At that time, I was amusing myself by drawing fairies. I gifted Fabrizio a children's book I had illustrated and felt incredibly proud when he displayed it in the restaurant among his art. A few weeks later, I received a package in the mail. Inside there was a sculpture of Pinocchio he had painted in his unique style. I went to see Fabrizio many times after that first encounter. We spoke of having an exhibition of fairies and Pinocchio, something I regret never happened.


After Fabrizio passed, I never felt the desire to go back to Florence, a city I loved and held close to my heart. For me, the true meaning of a place resides in the people I meet, which makes me feel at home. With Fabrizio gone, It was as if the city lost part of his soul, and I no longer felt the connection.

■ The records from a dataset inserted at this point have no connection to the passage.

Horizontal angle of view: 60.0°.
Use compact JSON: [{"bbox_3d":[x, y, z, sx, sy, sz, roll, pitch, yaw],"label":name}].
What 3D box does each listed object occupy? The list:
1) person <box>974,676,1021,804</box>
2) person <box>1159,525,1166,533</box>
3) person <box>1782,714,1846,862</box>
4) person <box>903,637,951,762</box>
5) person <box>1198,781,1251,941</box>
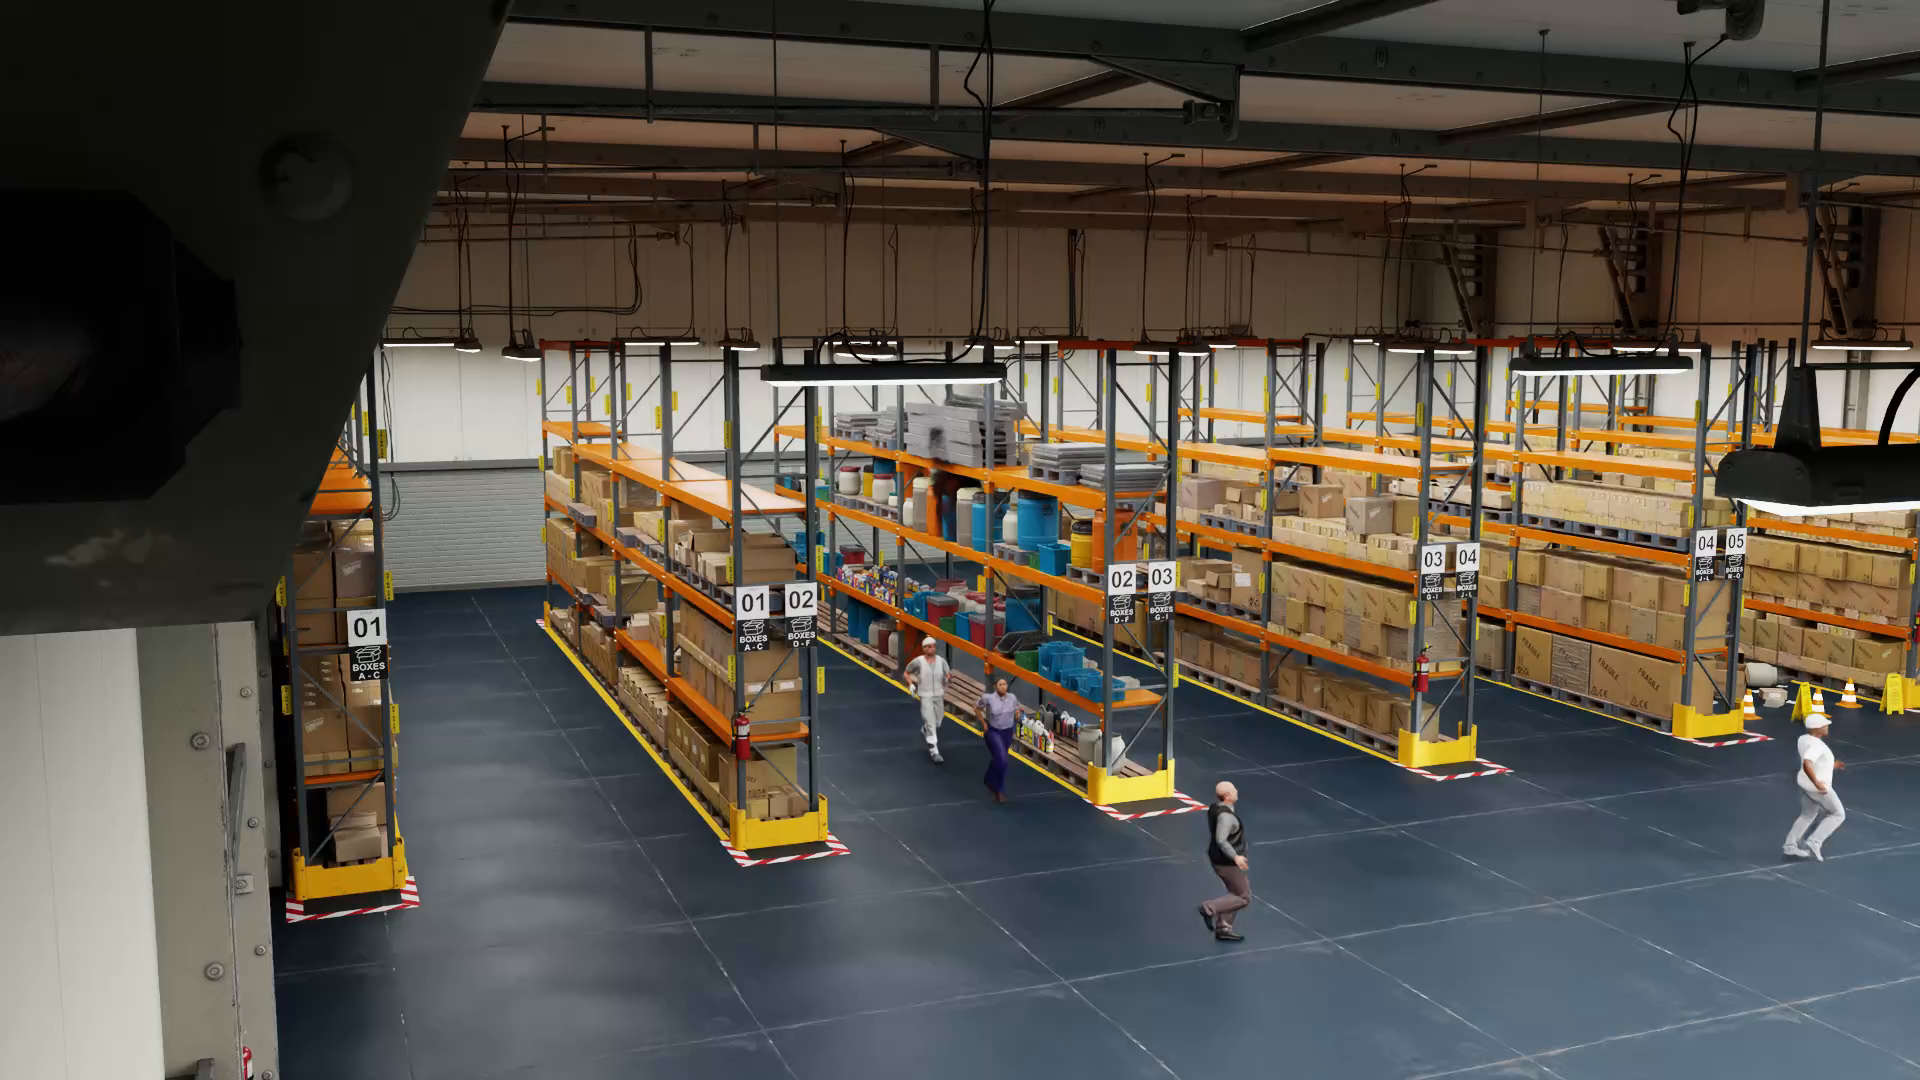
[{"bbox_3d":[0.535,2.654,22.247,0.574,1.719,0.754,-5,9,-32],"label":"person"},{"bbox_3d":[5.083,0.164,41.544,0.542,1.547,0.602,-4,9,-31],"label":"person"},{"bbox_3d":[10.117,2.918,19.608,0.688,1.756,0.675,0,7,2],"label":"person"},{"bbox_3d":[-0.438,2.288,24.265,0.666,1.768,0.979,-4,8,-25],"label":"person"},{"bbox_3d":[2.715,3.300,17.073,0.585,1.683,0.660,-1,7,-4],"label":"person"}]

That first drawing of my neurotic Pinocchio opened to door to many others. I drew all day long, sometimes into the early morning hours. I let everything I had inside come out on paper. I did not control any emotion; I did not control my stroke or worry about aesthetics and rules, and most of all, expectations.

My drawings were raw, sincere, unapologetic, and uncomfortable. I was known for my gentle romantic, perfectly crafted fairies, so when I first showed my messy lines and circles of charcoals, often the response was: " Are you ok?".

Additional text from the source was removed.